▶ **Work to complete**: From the entries below, please output exactly the lines starting at the one containing "list de al bestaande" and ending at the one containing "text Afwegingskader dagbesteding", both included.

▶ **Available records**:

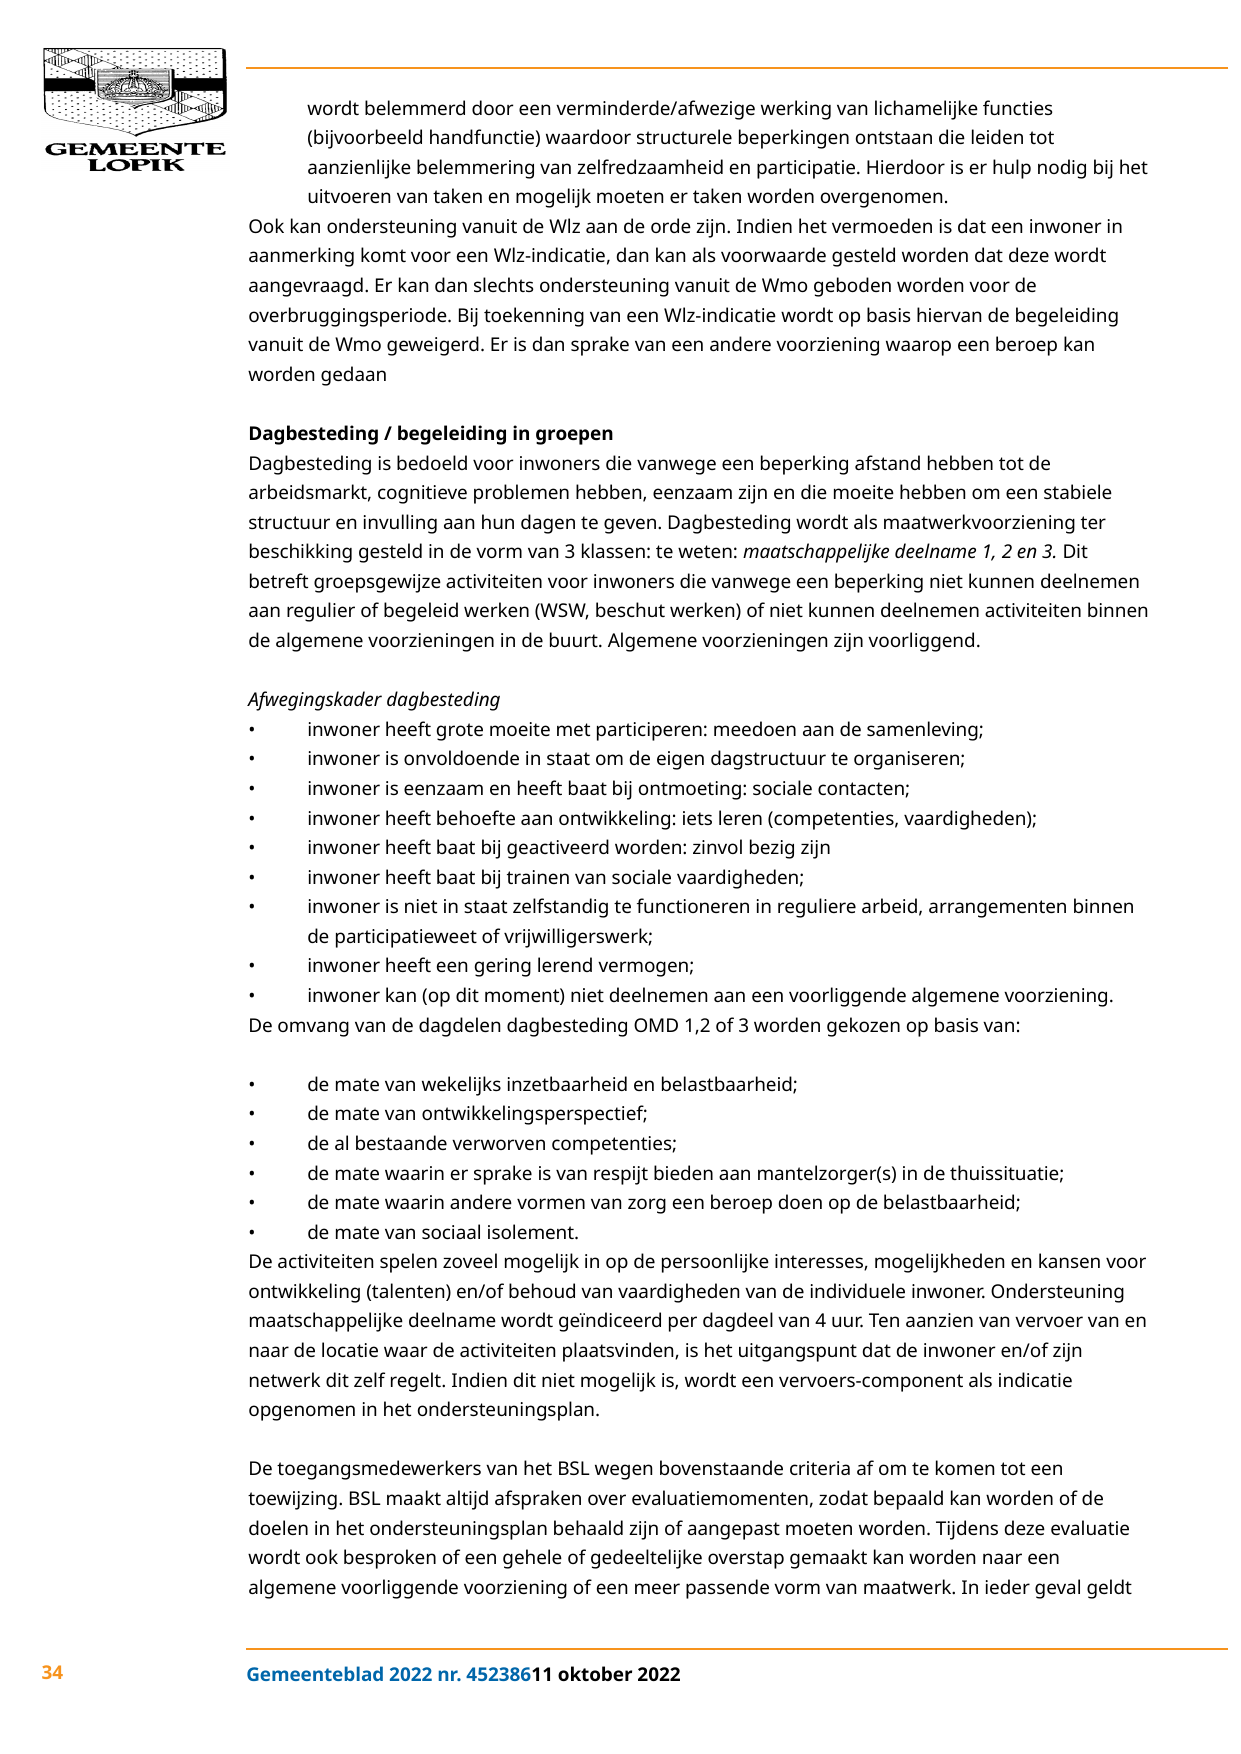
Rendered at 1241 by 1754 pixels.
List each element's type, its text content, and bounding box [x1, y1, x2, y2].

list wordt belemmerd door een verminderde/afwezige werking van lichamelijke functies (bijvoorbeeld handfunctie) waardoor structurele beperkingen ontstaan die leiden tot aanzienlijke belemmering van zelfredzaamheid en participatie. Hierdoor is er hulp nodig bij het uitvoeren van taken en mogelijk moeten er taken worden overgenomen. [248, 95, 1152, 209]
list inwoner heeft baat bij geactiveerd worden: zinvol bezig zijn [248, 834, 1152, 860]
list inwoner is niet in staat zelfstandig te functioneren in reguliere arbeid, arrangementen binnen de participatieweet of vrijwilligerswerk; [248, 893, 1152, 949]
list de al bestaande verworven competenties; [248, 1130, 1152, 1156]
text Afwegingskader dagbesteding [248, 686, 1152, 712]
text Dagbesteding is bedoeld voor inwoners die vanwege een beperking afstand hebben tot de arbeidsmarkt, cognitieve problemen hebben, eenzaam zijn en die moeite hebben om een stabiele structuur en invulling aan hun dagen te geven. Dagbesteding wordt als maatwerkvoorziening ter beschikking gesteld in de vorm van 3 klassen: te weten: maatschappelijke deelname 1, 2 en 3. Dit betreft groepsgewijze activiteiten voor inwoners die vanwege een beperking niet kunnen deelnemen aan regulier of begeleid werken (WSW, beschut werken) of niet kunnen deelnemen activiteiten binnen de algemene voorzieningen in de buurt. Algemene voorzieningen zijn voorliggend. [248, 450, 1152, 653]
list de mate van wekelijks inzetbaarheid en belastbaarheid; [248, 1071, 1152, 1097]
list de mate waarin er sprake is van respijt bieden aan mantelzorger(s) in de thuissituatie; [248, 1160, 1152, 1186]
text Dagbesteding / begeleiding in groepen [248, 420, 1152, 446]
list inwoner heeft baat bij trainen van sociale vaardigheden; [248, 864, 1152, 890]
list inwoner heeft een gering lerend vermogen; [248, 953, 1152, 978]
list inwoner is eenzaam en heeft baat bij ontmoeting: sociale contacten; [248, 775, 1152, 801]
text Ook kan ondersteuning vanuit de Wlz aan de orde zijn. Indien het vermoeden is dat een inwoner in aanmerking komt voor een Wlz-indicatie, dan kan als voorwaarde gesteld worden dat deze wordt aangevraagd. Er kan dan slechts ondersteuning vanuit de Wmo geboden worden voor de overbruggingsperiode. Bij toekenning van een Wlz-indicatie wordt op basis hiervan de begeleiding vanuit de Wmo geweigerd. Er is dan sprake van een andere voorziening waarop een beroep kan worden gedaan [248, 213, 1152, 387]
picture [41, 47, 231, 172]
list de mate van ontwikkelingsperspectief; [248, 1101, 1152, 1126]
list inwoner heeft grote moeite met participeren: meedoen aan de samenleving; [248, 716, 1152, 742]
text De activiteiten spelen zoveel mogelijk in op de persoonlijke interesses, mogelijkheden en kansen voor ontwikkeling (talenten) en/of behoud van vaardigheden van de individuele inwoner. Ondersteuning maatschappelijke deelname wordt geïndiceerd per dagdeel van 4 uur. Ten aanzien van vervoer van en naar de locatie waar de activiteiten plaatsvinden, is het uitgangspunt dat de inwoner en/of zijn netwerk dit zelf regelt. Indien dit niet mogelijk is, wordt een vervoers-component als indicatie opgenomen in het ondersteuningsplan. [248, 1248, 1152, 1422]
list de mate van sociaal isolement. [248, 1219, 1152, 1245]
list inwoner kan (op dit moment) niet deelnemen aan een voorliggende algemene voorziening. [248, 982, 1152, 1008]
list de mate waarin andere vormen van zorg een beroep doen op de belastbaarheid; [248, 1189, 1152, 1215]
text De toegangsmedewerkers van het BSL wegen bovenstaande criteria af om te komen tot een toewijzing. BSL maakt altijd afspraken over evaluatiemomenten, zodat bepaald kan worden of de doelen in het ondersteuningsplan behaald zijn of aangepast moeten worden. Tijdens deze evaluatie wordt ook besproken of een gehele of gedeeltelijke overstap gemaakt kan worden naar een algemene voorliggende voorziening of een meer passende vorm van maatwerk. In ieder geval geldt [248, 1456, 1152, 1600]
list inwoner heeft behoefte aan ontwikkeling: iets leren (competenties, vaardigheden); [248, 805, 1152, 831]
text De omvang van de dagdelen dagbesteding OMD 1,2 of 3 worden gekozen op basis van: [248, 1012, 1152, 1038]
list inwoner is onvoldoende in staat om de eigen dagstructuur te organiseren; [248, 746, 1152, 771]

▶ **Response**:
list de al bestaande verworven competenties; [248, 1130, 1152, 1156]
text Afwegingskader dagbesteding [248, 686, 1152, 712]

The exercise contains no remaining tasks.